Lord Donaldson MR, Balcombe LJ, Nicholls LJ
[1990] Fam 194, [1989] EWCA Civ 8, [1989] 3 WLR 748, [1990] 1 FLR 125, [1989] 3 All ER 193
Bailii
England and Wales
Citing:
CitedLane v Esdaile HL 5-May-1891
The court considered the extent of the House’s jurisdiction as an appellate court. Section 3 of the 1876 Act provided that an appeal should lie to the House of Lords from ‘any order or judgment of . . Her Majesty’s Court of Appeal in England’. The . .

Cited by:
CitedKemper Reinsurance Company v The Minister of Finance and others PC 5-May-1998
(Bermuda) An appeal Court did have jurisdiction to hear an appeal against the discharge of leave to apply for certiorari order, since this was outside scope of the rule in Lane v Esdaille.

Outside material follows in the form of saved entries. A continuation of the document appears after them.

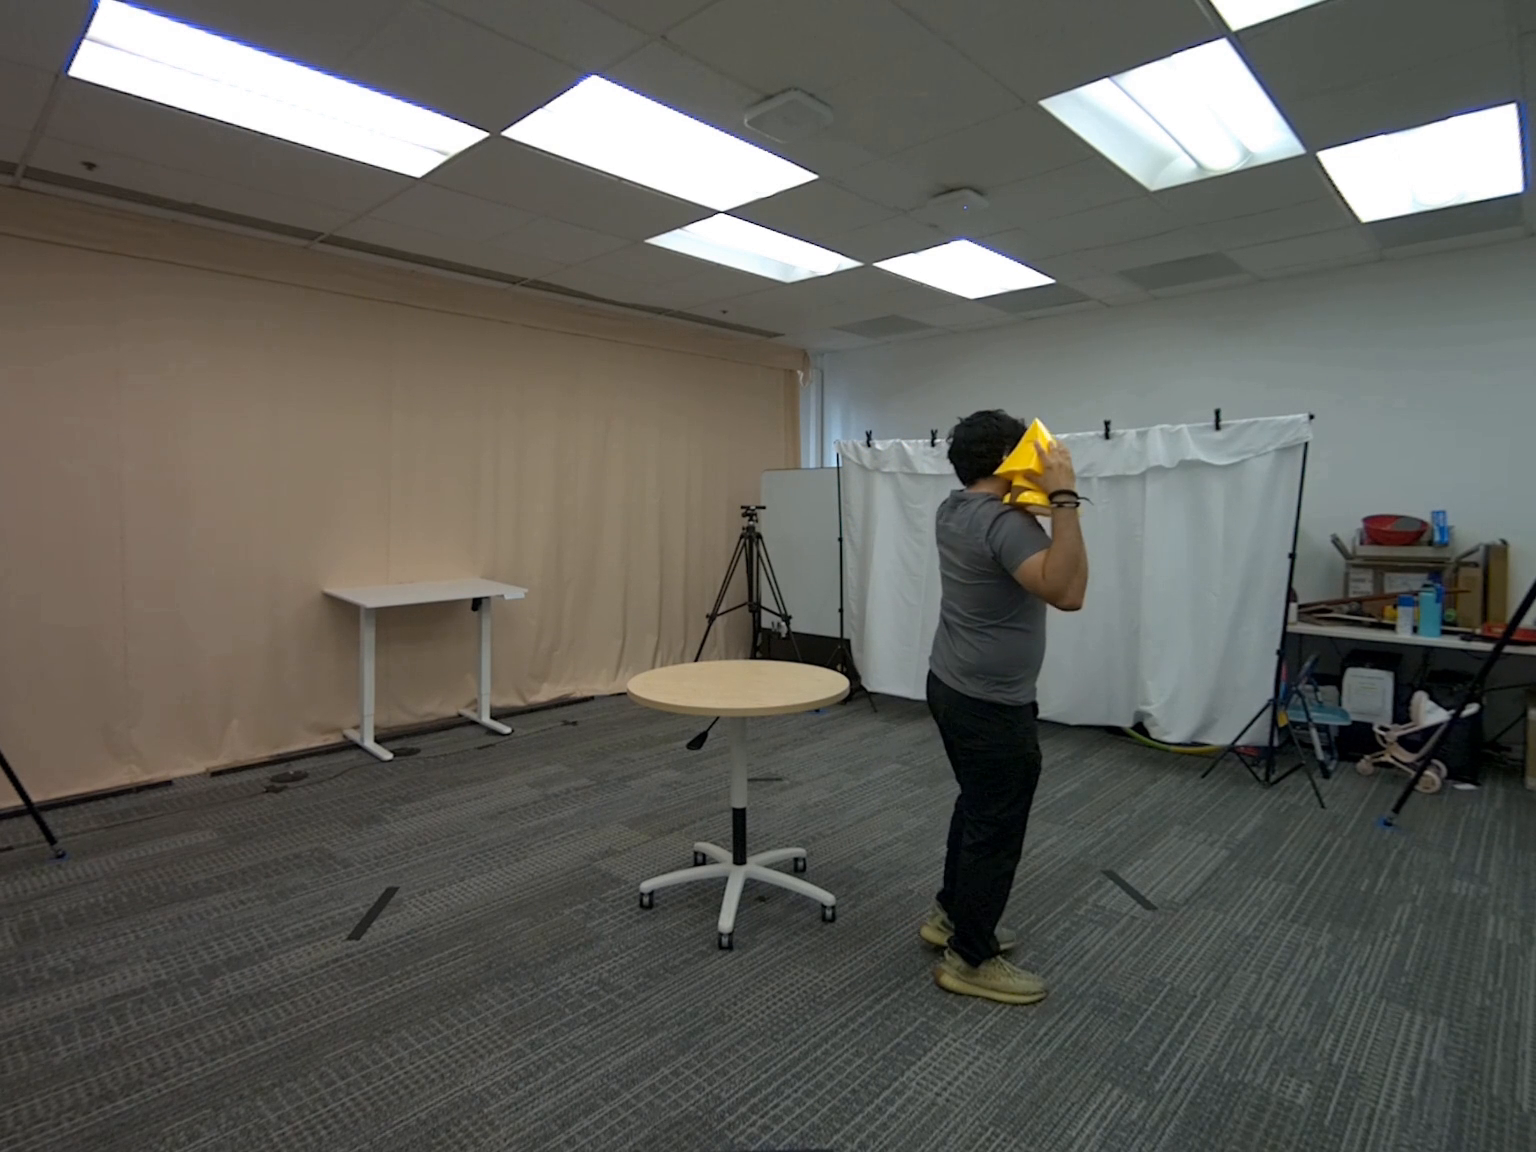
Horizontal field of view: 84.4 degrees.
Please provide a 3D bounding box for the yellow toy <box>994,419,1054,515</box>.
[{"bbox_3d":[0.729,-0.287,2.224,0.191,0.231,0.207,14,-1,-10],"label":"yellow toy"}]
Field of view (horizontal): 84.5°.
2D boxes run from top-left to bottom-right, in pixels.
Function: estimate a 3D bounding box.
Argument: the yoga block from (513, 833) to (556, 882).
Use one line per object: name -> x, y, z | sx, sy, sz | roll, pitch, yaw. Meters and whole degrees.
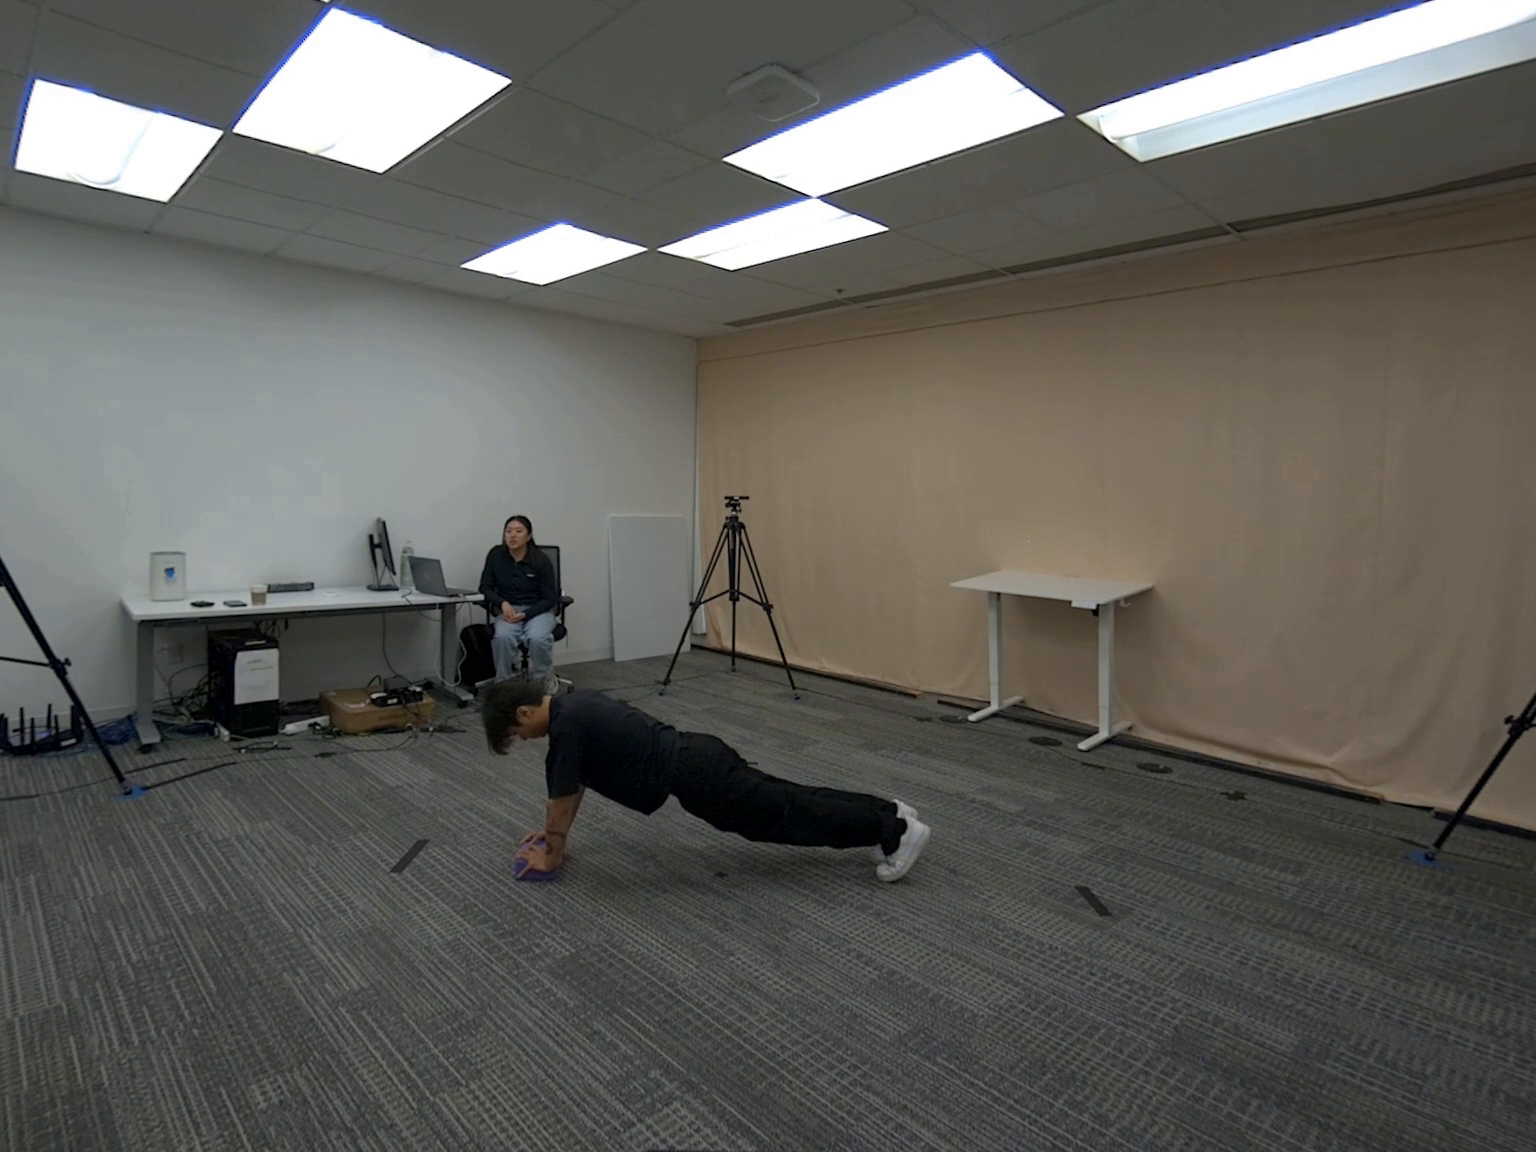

Lord Hoffmann said: ‘Nevertheless, the limited nature . .
CitedWalsall Metropolitan Borough Council v Secretary of State for Communities and Local Government CA 6-Feb-2013
The Council sought permission to appeal against the setting aside of two enforcement notices, leave having been refused by the Administrative court. The court now considered whether it had jusridiction, and whether the rule in Lane v Esdaile was to . .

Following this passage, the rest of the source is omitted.